### EXTRACTED DATA ###

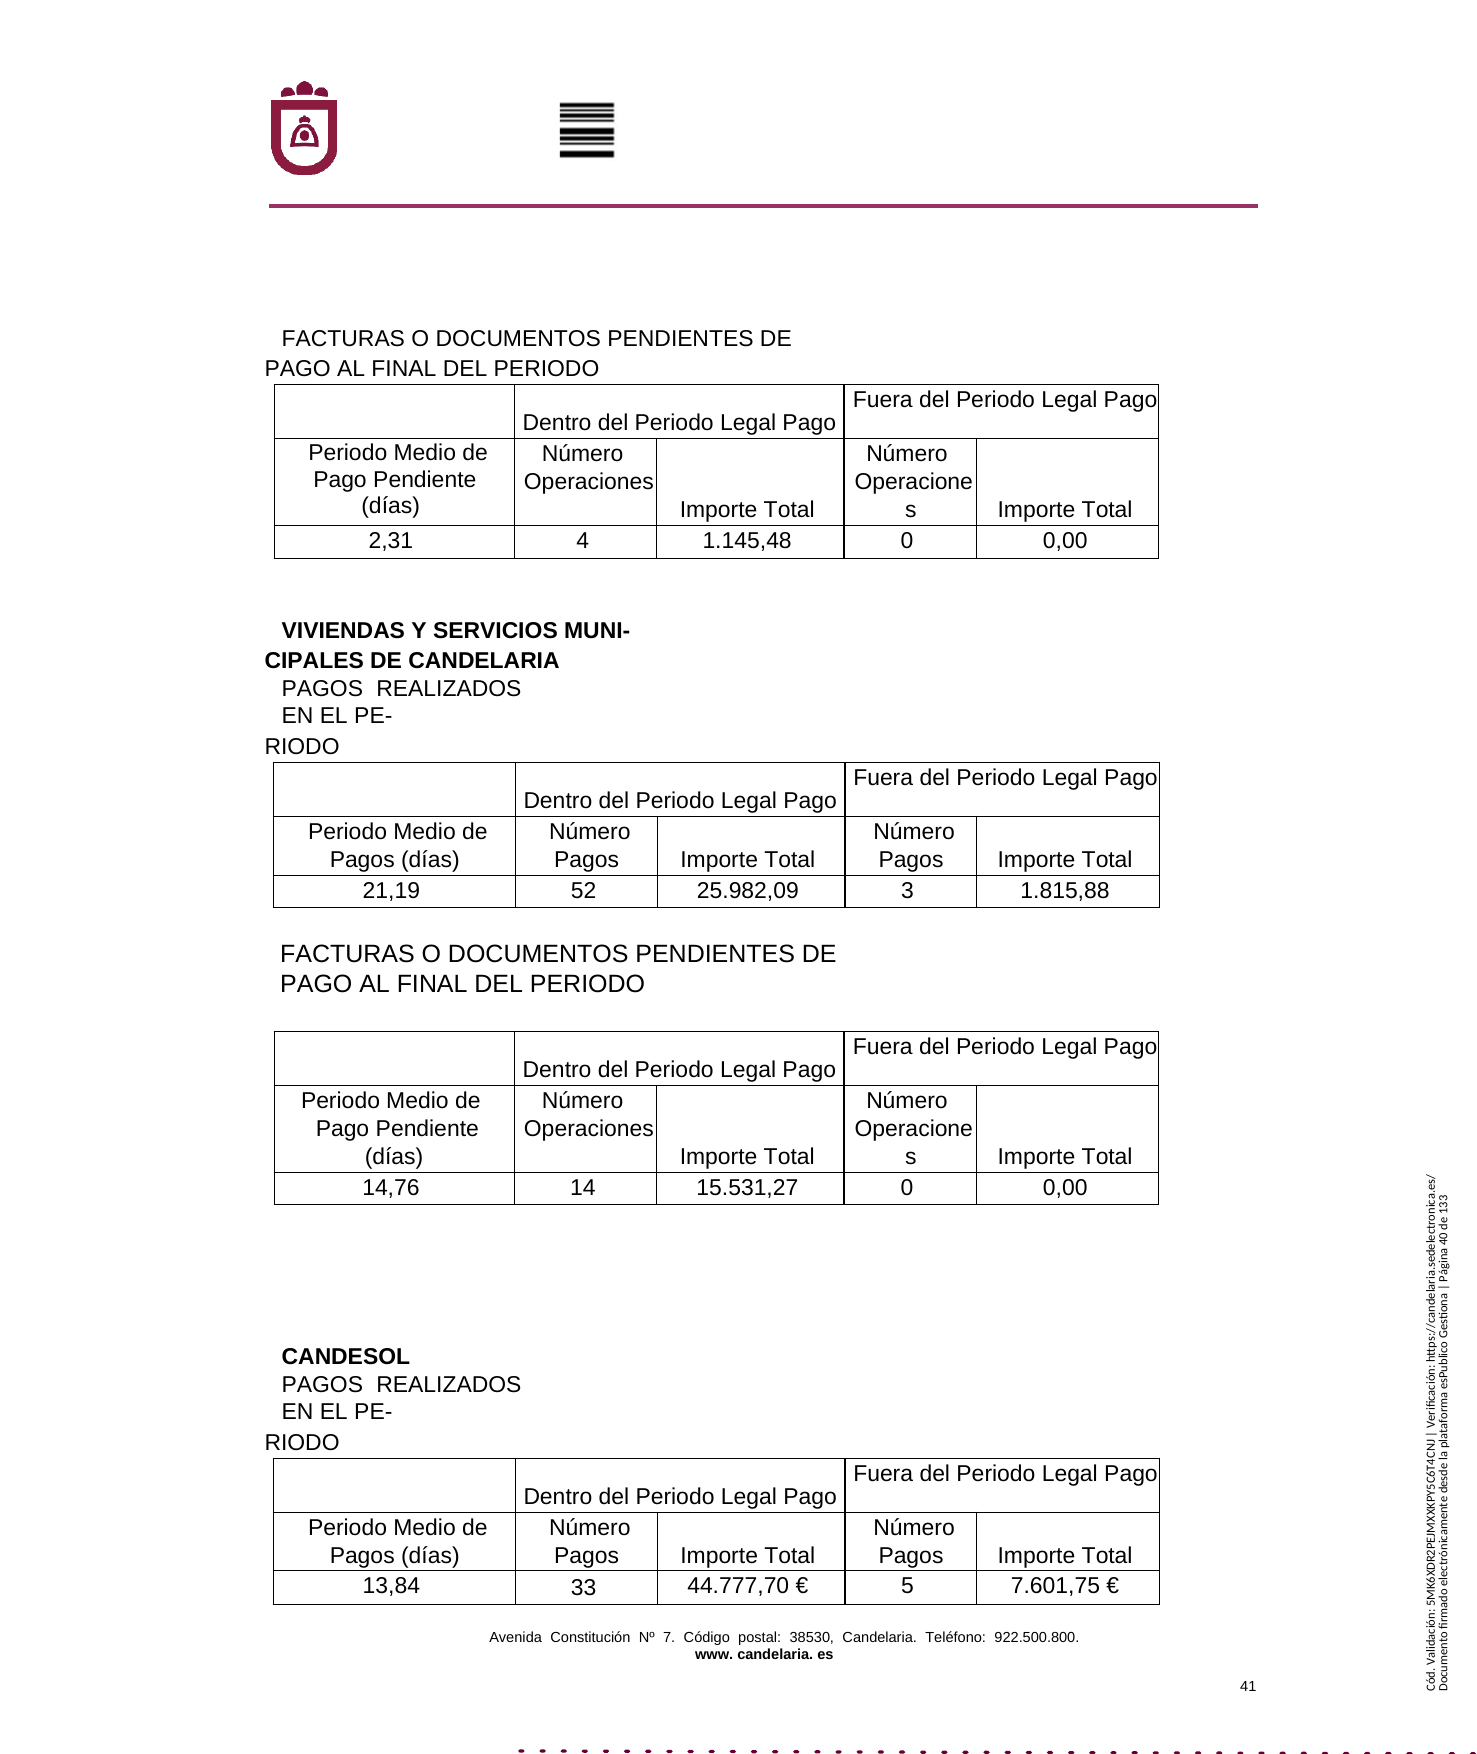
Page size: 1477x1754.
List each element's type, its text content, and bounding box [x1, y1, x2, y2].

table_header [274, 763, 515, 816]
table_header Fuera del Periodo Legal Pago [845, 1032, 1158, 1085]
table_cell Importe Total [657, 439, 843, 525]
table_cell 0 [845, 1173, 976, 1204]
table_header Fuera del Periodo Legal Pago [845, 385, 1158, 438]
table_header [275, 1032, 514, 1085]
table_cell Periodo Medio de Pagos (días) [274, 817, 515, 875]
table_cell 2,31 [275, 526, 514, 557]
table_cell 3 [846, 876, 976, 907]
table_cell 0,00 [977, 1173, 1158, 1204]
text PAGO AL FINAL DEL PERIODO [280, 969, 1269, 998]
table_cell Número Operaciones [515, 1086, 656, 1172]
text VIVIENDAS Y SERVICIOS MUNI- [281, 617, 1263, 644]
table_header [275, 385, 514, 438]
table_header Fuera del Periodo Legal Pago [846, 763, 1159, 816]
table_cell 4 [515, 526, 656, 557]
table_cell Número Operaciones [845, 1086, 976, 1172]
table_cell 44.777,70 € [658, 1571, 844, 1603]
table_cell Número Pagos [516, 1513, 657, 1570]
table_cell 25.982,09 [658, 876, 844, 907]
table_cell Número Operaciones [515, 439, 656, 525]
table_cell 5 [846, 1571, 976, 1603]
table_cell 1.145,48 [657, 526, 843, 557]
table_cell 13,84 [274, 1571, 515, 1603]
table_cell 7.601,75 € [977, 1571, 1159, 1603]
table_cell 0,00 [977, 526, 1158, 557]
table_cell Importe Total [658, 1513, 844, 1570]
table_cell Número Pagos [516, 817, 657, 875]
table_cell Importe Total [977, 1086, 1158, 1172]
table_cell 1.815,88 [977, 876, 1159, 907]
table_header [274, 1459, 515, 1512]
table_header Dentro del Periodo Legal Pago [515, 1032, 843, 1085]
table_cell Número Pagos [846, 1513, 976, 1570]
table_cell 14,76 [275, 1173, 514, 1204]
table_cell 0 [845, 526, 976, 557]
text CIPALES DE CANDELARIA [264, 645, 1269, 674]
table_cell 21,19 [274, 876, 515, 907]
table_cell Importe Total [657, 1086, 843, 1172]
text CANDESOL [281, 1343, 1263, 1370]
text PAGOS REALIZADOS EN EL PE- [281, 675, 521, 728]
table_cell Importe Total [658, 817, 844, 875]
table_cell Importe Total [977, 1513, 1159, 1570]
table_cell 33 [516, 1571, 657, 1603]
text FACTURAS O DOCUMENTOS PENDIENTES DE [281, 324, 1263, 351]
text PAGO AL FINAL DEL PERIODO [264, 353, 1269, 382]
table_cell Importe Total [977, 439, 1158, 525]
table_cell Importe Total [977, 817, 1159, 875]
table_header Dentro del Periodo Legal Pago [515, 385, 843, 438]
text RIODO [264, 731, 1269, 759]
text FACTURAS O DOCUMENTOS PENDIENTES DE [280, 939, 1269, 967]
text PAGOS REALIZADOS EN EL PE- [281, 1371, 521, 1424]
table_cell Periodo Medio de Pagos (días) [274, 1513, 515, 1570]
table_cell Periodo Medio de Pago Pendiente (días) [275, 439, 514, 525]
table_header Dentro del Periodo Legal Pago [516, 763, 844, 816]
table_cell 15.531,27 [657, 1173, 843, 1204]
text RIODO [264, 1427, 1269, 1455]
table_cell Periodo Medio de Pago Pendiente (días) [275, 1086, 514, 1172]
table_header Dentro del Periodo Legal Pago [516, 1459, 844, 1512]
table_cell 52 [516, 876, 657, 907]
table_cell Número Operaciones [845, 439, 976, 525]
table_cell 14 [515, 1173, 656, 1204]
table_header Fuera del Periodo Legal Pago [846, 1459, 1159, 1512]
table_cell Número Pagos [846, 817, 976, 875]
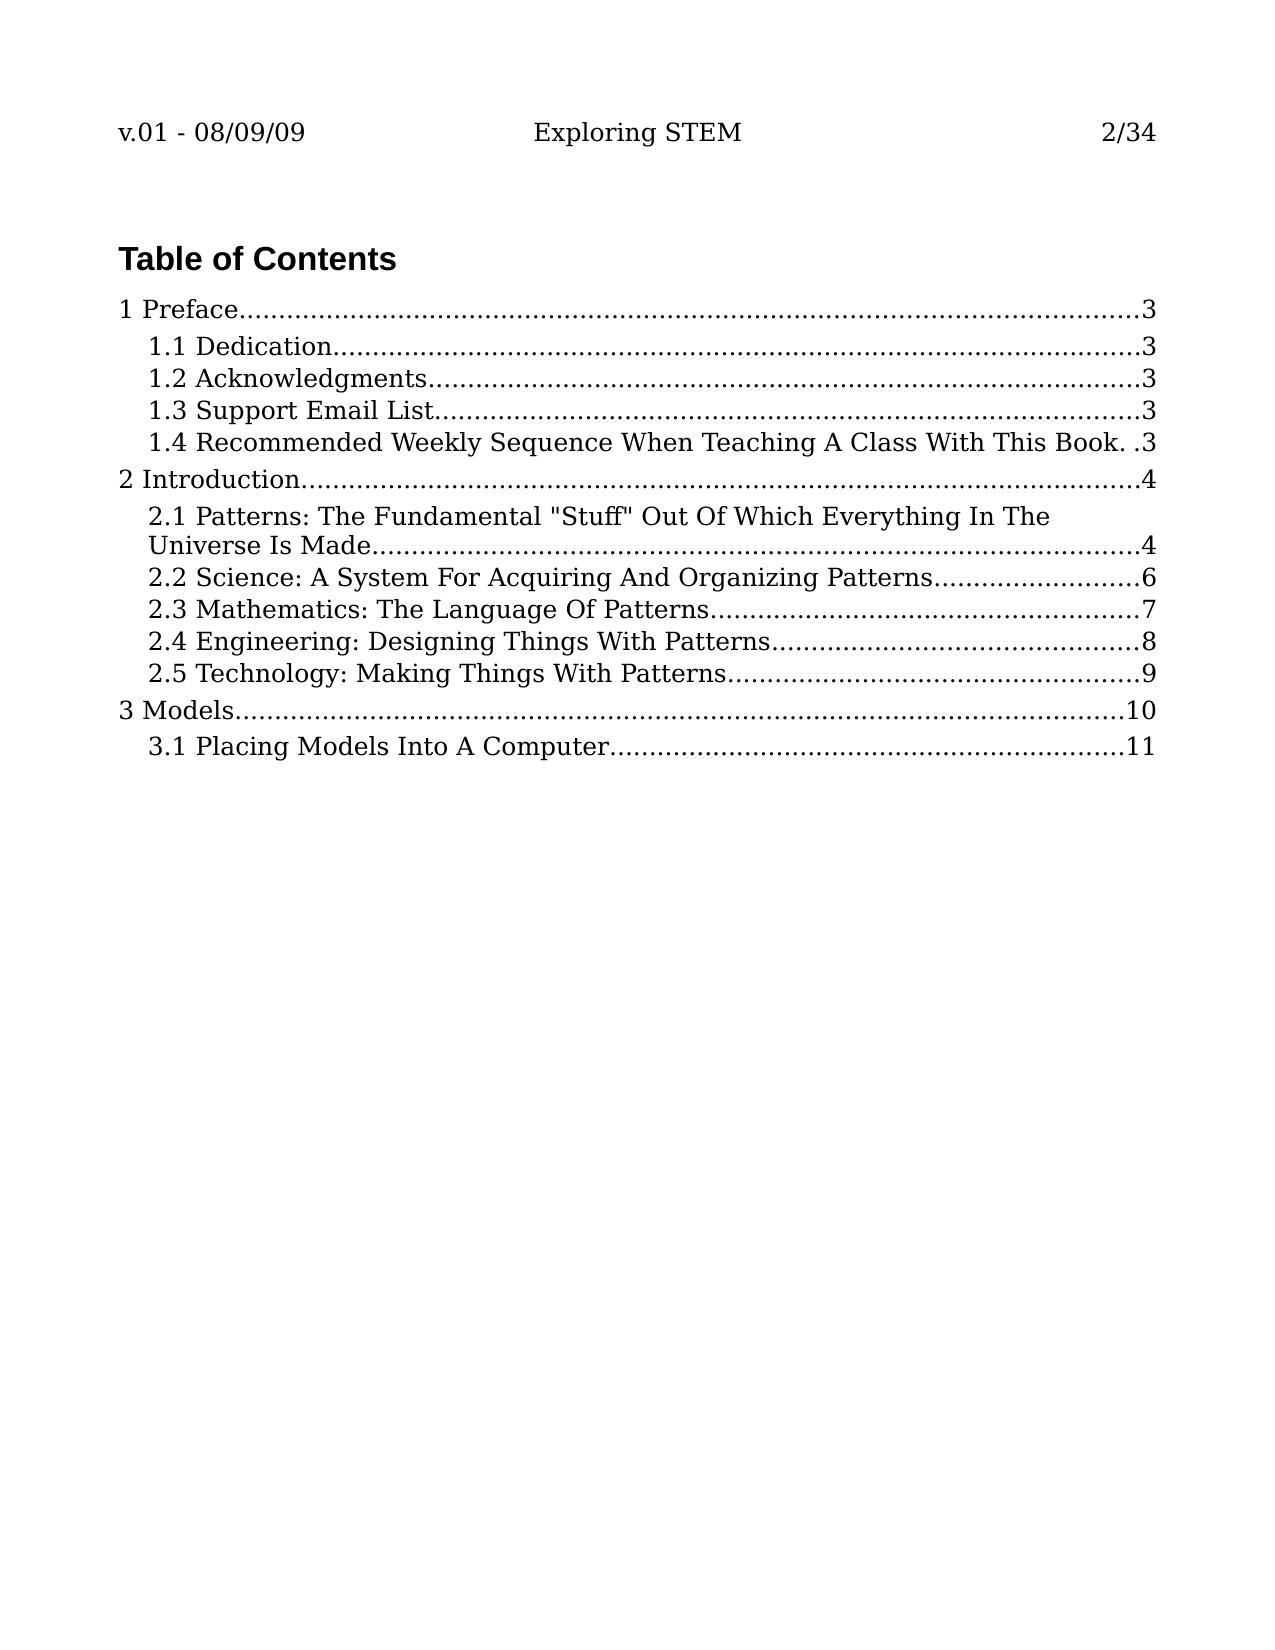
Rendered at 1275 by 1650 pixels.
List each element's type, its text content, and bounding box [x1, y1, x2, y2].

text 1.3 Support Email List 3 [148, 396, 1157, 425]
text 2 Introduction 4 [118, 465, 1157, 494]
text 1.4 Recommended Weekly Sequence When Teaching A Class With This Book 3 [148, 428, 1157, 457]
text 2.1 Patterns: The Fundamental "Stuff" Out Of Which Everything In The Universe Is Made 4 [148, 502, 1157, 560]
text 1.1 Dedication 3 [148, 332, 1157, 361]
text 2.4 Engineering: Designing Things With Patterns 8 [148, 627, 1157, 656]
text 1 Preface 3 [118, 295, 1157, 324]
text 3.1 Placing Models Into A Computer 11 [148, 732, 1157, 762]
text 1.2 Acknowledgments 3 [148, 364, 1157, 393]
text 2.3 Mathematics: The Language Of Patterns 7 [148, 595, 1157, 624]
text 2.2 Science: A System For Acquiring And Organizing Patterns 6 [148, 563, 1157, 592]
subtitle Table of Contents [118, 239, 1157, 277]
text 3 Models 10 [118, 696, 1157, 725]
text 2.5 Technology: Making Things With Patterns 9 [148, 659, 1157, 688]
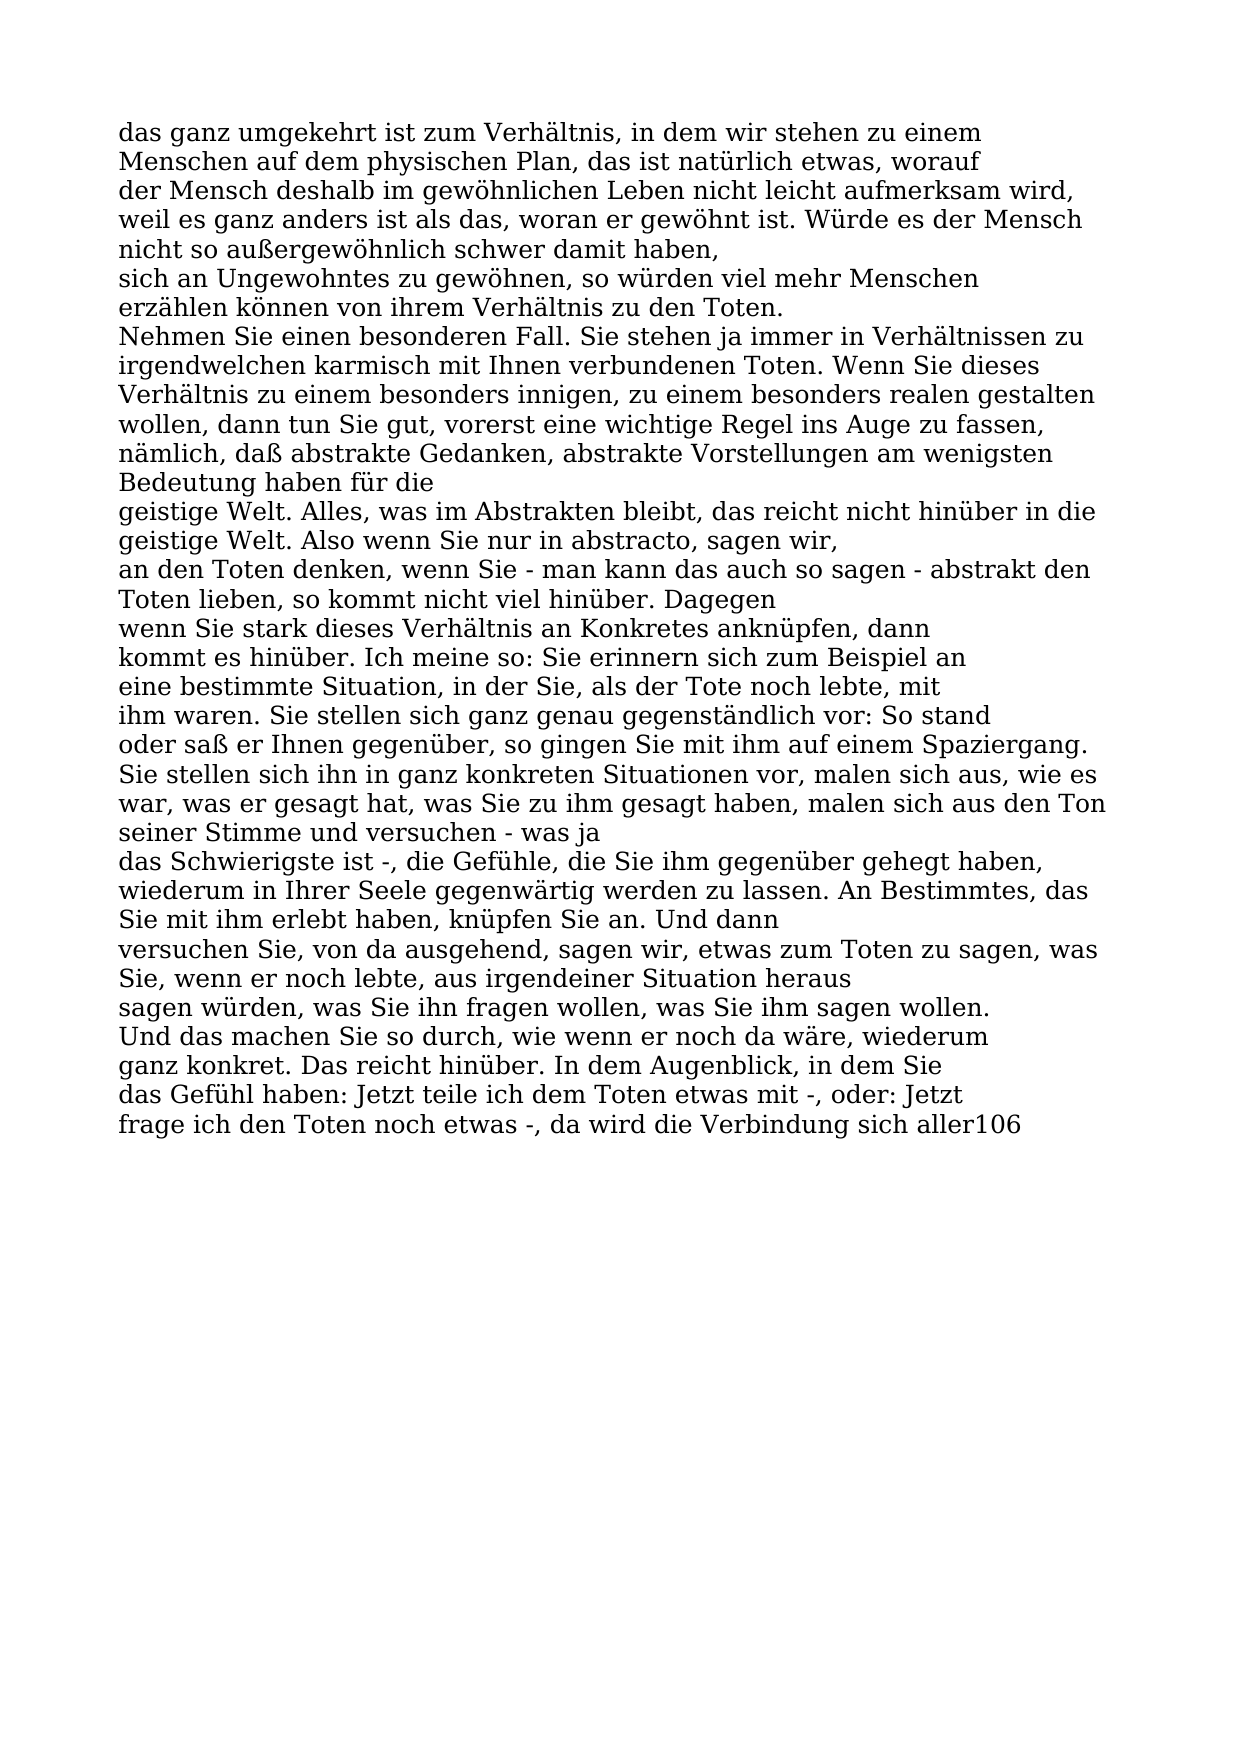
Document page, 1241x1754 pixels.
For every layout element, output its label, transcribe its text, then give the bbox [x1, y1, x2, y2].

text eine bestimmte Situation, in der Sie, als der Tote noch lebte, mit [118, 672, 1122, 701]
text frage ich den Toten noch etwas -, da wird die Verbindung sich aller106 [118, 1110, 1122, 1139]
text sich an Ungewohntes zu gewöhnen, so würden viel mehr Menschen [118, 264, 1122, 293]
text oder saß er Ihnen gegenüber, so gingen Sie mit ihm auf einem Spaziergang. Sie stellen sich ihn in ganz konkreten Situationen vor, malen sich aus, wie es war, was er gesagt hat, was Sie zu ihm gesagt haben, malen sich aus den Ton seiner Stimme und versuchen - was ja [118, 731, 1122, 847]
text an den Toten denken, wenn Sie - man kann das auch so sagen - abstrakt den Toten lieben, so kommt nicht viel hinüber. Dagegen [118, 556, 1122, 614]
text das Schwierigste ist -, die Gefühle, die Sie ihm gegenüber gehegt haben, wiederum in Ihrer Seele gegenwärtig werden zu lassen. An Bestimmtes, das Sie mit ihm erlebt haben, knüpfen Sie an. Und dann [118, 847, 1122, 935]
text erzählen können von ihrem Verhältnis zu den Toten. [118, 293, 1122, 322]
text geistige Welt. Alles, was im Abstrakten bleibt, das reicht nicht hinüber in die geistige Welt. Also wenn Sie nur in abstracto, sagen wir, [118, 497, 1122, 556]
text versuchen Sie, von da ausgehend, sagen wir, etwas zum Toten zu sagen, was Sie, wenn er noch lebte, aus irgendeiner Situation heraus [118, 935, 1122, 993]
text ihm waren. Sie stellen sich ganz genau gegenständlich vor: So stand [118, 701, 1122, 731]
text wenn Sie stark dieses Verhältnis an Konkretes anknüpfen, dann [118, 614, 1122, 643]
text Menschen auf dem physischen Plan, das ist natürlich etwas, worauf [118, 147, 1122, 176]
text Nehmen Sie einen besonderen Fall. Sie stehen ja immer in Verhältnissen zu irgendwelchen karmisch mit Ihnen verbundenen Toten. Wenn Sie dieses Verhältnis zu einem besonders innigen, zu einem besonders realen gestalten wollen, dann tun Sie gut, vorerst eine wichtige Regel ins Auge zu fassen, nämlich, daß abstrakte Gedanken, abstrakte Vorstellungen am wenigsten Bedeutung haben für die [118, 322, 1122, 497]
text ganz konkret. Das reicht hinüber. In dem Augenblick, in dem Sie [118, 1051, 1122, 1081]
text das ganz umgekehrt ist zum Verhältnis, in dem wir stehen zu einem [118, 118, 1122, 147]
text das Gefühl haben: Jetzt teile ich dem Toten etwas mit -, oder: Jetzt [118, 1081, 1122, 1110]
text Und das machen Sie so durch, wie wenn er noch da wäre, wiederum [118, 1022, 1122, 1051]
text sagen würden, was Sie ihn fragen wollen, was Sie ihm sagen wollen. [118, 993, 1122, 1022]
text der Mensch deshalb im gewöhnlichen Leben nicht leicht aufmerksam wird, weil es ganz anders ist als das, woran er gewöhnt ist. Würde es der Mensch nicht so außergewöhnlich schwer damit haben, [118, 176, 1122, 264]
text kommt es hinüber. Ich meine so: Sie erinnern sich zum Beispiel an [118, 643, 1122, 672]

###

## WHAT YOU NEED TO DO
Leave out any pictures, please, and quote only the lines from the top of the data through the line that contains "table_cell Número Pagos [516, 1513, 657, 1570]".

## SOLUTION FOR THIS PROBLEM
Page size: 1477x1754.
List each element's type, its text content, and bounding box [x1, y1, x2, y2].

table_header [274, 763, 515, 816]
table_header Fuera del Periodo Legal Pago [845, 1032, 1158, 1085]
table_cell Importe Total [657, 439, 843, 525]
table_cell 0 [845, 1173, 976, 1204]
table_header Fuera del Periodo Legal Pago [845, 385, 1158, 438]
table_header [275, 1032, 514, 1085]
table_cell Periodo Medio de Pagos (días) [274, 817, 515, 875]
table_cell 2,31 [275, 526, 514, 557]
table_cell 3 [846, 876, 976, 907]
table_cell 0,00 [977, 1173, 1158, 1204]
text PAGO AL FINAL DEL PERIODO [280, 969, 1269, 998]
table_cell Número Operaciones [515, 1086, 656, 1172]
text VIVIENDAS Y SERVICIOS MUNI- [281, 617, 1263, 644]
table_header [275, 385, 514, 438]
table_header Fuera del Periodo Legal Pago [846, 763, 1159, 816]
table_cell 4 [515, 526, 656, 557]
table_cell Número Operaciones [845, 1086, 976, 1172]
table_cell 44.777,70 € [658, 1571, 844, 1603]
table_cell Número Pagos [516, 1513, 657, 1570]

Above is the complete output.